__Instructions for the task__
Could you find every line in the records below that contains the word "roll" and copy it?

__Data to examine__
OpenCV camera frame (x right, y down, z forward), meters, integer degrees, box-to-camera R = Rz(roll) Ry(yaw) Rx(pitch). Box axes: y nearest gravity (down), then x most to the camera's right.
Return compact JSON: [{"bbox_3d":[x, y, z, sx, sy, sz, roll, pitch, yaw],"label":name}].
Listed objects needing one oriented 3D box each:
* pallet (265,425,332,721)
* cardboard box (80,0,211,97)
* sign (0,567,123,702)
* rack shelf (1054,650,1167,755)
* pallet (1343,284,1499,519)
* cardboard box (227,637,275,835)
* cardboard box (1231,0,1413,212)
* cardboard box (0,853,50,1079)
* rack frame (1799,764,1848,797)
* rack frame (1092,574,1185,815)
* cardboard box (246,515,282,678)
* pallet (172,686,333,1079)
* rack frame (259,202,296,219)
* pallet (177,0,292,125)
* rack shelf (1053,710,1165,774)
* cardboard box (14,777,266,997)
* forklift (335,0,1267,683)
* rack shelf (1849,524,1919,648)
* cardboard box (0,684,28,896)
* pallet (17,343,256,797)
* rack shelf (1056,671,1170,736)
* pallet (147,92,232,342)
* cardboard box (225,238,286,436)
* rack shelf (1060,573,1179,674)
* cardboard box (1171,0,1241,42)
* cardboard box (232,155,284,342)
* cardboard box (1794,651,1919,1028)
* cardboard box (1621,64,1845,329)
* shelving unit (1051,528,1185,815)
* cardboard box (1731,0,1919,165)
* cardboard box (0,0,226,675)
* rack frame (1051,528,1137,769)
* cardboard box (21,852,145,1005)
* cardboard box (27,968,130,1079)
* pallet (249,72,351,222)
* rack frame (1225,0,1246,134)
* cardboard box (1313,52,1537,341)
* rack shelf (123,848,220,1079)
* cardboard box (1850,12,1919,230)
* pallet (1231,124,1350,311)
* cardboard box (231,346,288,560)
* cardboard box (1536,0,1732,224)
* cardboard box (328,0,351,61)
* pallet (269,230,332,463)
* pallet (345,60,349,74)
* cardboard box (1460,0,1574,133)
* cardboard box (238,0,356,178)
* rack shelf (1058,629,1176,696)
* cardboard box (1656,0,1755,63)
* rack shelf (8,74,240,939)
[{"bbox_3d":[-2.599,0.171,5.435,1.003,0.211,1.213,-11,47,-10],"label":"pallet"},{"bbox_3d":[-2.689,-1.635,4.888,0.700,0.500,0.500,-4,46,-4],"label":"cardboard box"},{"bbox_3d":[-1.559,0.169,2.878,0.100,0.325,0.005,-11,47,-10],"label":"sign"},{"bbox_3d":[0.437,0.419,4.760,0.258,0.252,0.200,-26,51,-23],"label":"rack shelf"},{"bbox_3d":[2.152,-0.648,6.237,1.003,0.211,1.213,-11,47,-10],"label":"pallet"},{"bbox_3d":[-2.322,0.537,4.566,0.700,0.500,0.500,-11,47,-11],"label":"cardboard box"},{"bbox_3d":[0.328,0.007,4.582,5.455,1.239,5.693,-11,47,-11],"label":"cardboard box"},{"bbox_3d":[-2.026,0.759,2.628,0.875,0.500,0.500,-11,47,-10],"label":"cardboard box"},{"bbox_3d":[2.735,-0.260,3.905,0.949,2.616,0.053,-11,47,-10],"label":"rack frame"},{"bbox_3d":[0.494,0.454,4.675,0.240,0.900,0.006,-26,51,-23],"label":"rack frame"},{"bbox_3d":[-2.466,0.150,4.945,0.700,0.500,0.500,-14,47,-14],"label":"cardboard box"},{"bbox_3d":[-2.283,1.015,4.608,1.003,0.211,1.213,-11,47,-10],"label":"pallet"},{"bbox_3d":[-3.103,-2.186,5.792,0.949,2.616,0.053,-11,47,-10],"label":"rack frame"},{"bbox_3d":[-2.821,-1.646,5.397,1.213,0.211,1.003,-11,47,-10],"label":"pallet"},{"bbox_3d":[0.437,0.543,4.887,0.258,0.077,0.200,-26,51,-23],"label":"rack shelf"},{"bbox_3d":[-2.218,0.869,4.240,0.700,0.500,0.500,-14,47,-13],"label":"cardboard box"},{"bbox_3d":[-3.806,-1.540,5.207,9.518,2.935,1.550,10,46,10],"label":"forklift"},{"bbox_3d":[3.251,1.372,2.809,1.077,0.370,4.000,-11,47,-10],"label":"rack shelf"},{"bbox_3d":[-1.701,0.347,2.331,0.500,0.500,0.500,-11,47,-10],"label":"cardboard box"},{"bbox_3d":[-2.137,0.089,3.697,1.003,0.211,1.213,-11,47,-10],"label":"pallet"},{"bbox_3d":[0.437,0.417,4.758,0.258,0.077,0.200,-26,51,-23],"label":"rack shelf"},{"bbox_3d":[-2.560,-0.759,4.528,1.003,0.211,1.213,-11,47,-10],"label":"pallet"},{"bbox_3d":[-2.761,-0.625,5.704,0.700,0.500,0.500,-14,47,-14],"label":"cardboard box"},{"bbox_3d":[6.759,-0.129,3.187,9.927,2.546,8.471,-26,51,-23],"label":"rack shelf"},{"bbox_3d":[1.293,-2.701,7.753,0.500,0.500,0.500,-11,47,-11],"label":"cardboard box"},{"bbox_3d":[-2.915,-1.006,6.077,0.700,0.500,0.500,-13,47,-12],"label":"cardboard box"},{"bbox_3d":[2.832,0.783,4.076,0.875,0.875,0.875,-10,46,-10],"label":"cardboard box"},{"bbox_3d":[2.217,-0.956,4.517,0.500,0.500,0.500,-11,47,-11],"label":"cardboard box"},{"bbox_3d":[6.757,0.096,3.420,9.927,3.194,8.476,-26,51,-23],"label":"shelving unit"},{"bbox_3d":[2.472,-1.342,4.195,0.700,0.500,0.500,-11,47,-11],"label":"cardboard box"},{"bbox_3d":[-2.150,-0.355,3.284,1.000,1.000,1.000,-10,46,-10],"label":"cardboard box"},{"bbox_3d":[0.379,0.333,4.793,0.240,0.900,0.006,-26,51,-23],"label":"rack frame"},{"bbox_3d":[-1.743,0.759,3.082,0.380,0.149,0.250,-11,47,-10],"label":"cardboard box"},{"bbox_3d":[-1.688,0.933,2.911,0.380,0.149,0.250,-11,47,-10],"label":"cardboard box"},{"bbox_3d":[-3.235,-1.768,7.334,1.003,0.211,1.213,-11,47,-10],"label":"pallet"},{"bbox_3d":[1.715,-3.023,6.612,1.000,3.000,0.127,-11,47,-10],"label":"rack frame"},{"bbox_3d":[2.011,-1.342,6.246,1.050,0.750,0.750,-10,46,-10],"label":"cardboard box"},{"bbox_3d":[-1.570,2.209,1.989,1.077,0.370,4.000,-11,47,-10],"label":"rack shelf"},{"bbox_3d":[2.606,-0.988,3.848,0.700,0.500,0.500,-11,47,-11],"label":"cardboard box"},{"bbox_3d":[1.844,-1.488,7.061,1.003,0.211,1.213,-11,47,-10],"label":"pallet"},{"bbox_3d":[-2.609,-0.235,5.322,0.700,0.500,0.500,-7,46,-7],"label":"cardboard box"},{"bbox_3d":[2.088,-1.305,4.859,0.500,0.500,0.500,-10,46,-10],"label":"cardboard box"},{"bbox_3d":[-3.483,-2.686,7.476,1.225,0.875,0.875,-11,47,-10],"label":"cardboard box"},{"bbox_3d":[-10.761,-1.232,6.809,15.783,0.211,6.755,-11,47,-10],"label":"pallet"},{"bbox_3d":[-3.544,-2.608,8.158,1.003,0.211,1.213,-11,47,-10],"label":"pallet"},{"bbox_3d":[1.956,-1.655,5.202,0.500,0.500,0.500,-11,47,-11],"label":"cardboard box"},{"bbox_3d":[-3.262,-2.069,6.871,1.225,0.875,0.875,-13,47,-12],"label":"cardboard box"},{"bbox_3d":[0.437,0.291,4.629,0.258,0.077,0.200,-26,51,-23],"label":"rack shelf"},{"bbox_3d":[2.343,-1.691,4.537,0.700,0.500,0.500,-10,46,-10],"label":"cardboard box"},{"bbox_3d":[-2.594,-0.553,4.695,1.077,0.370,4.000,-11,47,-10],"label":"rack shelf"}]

__Written response__
OpenCV camera frame (x right, y down, z forward), meters, integer degrees, box-to-camera R = Rz(roll) Ry(yaw) Rx(pitch). Box axes: y nearest gravity (down), then x most to the camera's right.
Return compact JSON: [{"bbox_3d":[x, y, z, sx, sy, sz, roll, pitch, yaw],"label":name}].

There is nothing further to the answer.